As io_remap_pfn_range() will call vm_flags_set() to update vm_flags [1],
holding of mmap write lock is required.
So, update vfio_pci_mmap_fault() to drop mmap read lock and take mmap
write lock.

[1] https://lkml.kernel.org/r/20230126193752.297968-3-surenb@google.com
commit bc292ab00f6c ("mm: introduce vma->vm_flags wrapper functions")
commit 1c71222e5f23
("mm: replace vma->vm_flags direct modifications with modifier calls")

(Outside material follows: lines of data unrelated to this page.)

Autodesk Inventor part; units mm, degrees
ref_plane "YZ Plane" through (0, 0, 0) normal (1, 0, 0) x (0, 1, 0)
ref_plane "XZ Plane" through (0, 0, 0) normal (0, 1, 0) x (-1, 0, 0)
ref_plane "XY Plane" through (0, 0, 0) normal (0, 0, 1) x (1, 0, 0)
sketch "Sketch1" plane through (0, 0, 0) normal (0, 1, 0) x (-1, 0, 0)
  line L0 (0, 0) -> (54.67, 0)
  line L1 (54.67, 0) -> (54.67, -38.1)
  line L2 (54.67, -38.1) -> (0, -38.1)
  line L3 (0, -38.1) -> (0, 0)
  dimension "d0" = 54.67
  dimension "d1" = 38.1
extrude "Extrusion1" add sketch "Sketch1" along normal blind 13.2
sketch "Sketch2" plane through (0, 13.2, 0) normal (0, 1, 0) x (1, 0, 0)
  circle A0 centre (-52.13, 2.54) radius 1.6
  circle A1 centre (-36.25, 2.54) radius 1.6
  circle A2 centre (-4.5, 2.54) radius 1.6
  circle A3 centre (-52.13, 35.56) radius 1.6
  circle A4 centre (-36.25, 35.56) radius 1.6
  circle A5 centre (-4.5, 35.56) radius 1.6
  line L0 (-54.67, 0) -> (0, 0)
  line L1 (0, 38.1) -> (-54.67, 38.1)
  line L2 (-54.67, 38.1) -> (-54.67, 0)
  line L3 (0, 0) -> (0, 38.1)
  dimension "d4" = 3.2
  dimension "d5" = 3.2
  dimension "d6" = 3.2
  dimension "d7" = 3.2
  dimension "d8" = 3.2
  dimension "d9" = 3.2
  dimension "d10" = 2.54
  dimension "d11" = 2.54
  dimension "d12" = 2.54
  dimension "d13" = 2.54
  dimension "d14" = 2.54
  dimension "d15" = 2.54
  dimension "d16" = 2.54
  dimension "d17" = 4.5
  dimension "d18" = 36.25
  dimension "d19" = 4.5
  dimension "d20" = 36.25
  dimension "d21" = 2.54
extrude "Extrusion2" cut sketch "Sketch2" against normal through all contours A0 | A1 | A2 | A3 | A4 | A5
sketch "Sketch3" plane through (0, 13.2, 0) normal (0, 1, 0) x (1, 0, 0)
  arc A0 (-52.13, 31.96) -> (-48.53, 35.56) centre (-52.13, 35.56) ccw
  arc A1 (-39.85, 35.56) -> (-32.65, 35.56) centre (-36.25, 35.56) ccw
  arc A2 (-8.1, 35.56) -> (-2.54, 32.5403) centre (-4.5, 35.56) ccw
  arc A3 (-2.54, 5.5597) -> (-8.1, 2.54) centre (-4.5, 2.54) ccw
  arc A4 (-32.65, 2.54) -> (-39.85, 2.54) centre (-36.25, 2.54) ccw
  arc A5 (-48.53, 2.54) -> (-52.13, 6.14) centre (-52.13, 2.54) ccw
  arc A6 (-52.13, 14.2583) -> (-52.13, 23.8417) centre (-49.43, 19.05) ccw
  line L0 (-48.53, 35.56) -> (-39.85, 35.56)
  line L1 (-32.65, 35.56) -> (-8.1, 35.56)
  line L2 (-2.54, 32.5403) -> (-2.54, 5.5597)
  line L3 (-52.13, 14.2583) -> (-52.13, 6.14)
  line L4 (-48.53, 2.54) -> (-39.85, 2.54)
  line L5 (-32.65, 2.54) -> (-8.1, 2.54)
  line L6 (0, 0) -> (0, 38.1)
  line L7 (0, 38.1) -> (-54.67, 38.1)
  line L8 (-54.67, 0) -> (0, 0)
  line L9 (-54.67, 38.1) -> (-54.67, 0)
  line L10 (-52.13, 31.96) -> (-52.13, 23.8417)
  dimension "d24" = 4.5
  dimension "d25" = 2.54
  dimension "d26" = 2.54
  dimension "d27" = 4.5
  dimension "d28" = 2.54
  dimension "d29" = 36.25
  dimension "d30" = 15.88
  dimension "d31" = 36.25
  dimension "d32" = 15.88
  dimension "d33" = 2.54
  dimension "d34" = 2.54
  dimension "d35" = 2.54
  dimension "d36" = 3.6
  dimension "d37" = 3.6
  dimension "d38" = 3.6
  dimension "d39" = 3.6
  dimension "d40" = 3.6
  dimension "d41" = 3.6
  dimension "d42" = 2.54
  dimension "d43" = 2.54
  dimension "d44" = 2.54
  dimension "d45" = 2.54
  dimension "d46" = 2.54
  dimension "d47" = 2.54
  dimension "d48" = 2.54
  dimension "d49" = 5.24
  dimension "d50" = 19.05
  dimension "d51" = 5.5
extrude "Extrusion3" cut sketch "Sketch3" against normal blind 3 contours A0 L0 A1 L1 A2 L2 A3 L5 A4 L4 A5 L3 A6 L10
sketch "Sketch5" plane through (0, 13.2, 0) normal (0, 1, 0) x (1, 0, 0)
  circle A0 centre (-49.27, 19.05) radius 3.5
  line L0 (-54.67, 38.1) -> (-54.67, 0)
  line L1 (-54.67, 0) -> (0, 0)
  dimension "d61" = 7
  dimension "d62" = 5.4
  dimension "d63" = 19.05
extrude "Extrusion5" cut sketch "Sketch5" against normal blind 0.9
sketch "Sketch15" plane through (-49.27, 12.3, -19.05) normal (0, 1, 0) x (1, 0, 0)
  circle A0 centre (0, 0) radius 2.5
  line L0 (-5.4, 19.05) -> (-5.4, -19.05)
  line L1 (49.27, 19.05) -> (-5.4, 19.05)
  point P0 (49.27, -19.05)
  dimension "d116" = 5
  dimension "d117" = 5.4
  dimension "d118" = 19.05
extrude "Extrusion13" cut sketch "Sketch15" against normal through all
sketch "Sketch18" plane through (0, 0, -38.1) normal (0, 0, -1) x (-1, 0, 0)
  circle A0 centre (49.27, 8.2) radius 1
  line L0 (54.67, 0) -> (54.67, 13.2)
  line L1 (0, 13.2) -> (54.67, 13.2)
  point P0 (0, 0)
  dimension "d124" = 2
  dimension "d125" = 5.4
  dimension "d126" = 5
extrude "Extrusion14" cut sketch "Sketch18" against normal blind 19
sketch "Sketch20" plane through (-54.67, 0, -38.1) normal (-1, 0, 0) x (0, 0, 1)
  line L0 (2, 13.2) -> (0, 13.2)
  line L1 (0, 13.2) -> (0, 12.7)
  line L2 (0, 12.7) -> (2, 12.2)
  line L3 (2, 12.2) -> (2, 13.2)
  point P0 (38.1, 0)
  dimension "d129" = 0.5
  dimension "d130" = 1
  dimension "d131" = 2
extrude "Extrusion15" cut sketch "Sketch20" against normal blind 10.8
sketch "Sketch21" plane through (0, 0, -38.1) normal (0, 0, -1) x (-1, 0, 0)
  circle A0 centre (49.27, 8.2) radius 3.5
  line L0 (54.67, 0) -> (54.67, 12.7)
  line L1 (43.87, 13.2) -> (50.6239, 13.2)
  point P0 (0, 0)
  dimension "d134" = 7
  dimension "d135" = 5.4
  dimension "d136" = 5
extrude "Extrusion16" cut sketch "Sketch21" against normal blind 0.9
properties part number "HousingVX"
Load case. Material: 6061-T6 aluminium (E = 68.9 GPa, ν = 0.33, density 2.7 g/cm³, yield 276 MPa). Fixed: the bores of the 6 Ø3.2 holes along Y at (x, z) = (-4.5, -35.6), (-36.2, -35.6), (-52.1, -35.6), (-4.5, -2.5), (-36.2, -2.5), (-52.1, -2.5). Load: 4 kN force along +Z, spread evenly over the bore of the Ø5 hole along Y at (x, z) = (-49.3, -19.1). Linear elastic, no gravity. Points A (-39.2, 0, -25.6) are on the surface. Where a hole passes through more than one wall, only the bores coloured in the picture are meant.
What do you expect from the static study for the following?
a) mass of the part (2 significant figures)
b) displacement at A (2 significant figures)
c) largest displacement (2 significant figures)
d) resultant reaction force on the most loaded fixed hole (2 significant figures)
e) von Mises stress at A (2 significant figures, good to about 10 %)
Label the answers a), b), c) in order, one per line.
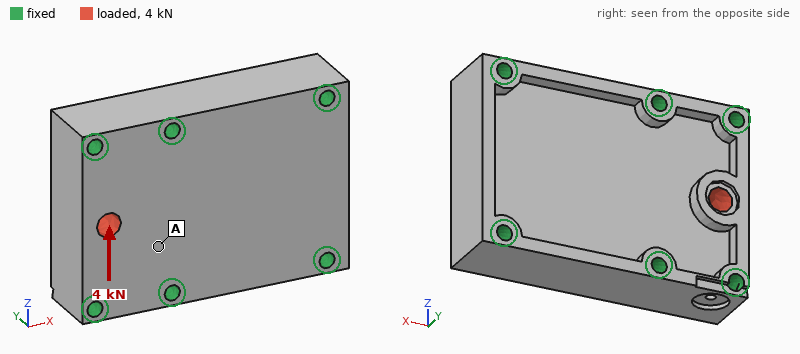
a) 60 g
b) 0.87 µm
c) 4.5 µm
d) 1.4 kN
e) 4.8 MPa
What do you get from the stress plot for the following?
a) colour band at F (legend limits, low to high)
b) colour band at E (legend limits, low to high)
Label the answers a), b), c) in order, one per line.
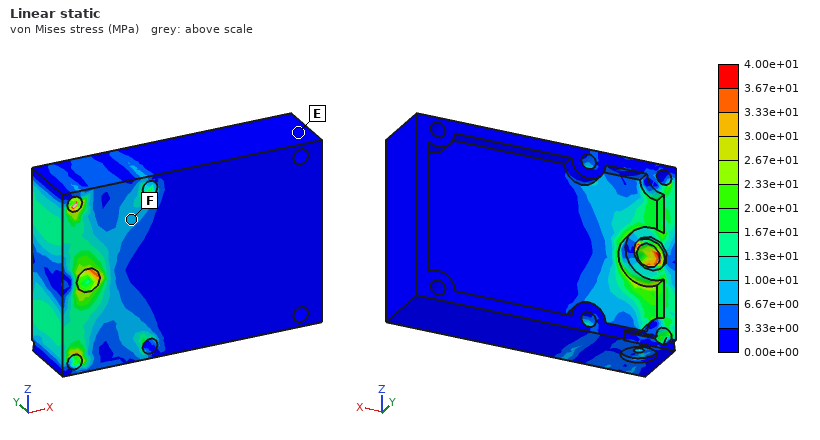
a) 6.67e+00 to 1.00e+01 MPa
b) 0.00e+00 to 3.33e+00 MPa
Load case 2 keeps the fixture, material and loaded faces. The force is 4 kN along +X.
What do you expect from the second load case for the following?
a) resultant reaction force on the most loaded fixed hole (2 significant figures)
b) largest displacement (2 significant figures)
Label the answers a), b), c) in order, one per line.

a) 1.2 kN
b) 10 µm
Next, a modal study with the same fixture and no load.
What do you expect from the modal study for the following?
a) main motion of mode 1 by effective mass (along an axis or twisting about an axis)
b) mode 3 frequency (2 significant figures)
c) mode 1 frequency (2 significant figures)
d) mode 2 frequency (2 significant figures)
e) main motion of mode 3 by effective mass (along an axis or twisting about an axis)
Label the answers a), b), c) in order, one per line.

a) along Y
b) 38 kHz
c) 25 kHz
d) 34 kHz
e) along Z

Signed-off-by: Yan Zhao <yan.y.zhao@intel.com>
---
 drivers/vfio/pci/vfio_pci_core.c | 17 +++++++++++++++++
 1 file changed, 17 insertions(+)


base-commit: 705b004ee377b789e39ae237519bab714297ac83

Jason Gunthorpe May 8, 2023, 4:48 p.m. UTC | #1

On Mon, May 08, 2023 at 08:58:42PM +0800, Yan Zhao wrote:
> In VFIO type1, vaddr_get_pfns() will try fault in MMIO PFNs after
> pin_user_pages_remote() returns -EFAULT.
> 
> follow_fault_pfn
>  fixup_user_fault
>   handle_mm_fault
>    handle_mm_fault
>     do_fault
>      do_shared_fault
>       do_fault
>        __do_fault
>         vfio_pci_mmap_fault
>          io_remap_pfn_range
>           remap_pfn_range
>            track_pfn_remap
>             vm_flags_set         ==> mmap_assert_write_locked(vma->vm_mm)
>            remap_pfn_range_notrack
>             vm_flags_set         ==> mmap_assert_write_locked(vma->vm_mm)
> 
> As io_remap_pfn_range() will call vm_flags_set() to update vm_flags [1],
> holding of mmap write lock is required.
> So, update vfio_pci_mmap_fault() to drop mmap read lock and take mmap
> write lock.
> 
> [1] https://lkml.kernel.org/r/20230126193752.297968-3-surenb@google.com
> commit bc292ab00f6c ("mm: introduce vma->vm_flags wrapper functions")
> commit 1c71222e5f23
> ("mm: replace vma->vm_flags direct modifications with modifier calls")
> 
> Signed-off-by: Yan Zhao <yan.y.zhao@intel.com>
> ---
>  drivers/vfio/pci/vfio_pci_core.c | 17 +++++++++++++++++
>  1 file changed, 17 insertions(+)
> 
> diff --git a/drivers/vfio/pci/vfio_pci_core.c b/drivers/vfio/pci/vfio_pci_core.c
> index a5ab416cf476..5082f89152b3 100644
> --- a/drivers/vfio/pci/vfio_pci_core.c
> +++ b/drivers/vfio/pci/vfio_pci_core.c
> @@ -1687,6 +1687,12 @@ static vm_fault_t vfio_pci_mmap_fault(struct vm_fault *vmf)
>  	struct vfio_pci_mmap_vma *mmap_vma;
>  	vm_fault_t ret = VM_FAULT_NOPAGE;
>  
> +	mmap_assert_locked(vma->vm_mm);
> +	mmap_read_unlock(vma->vm_mm);
> +
> +	if (mmap_write_lock_killable(vma->vm_mm))
> +		return VM_FAULT_RETRY;

Certainly not..

I'm not sure how to resolve this properly, set the flags in advance?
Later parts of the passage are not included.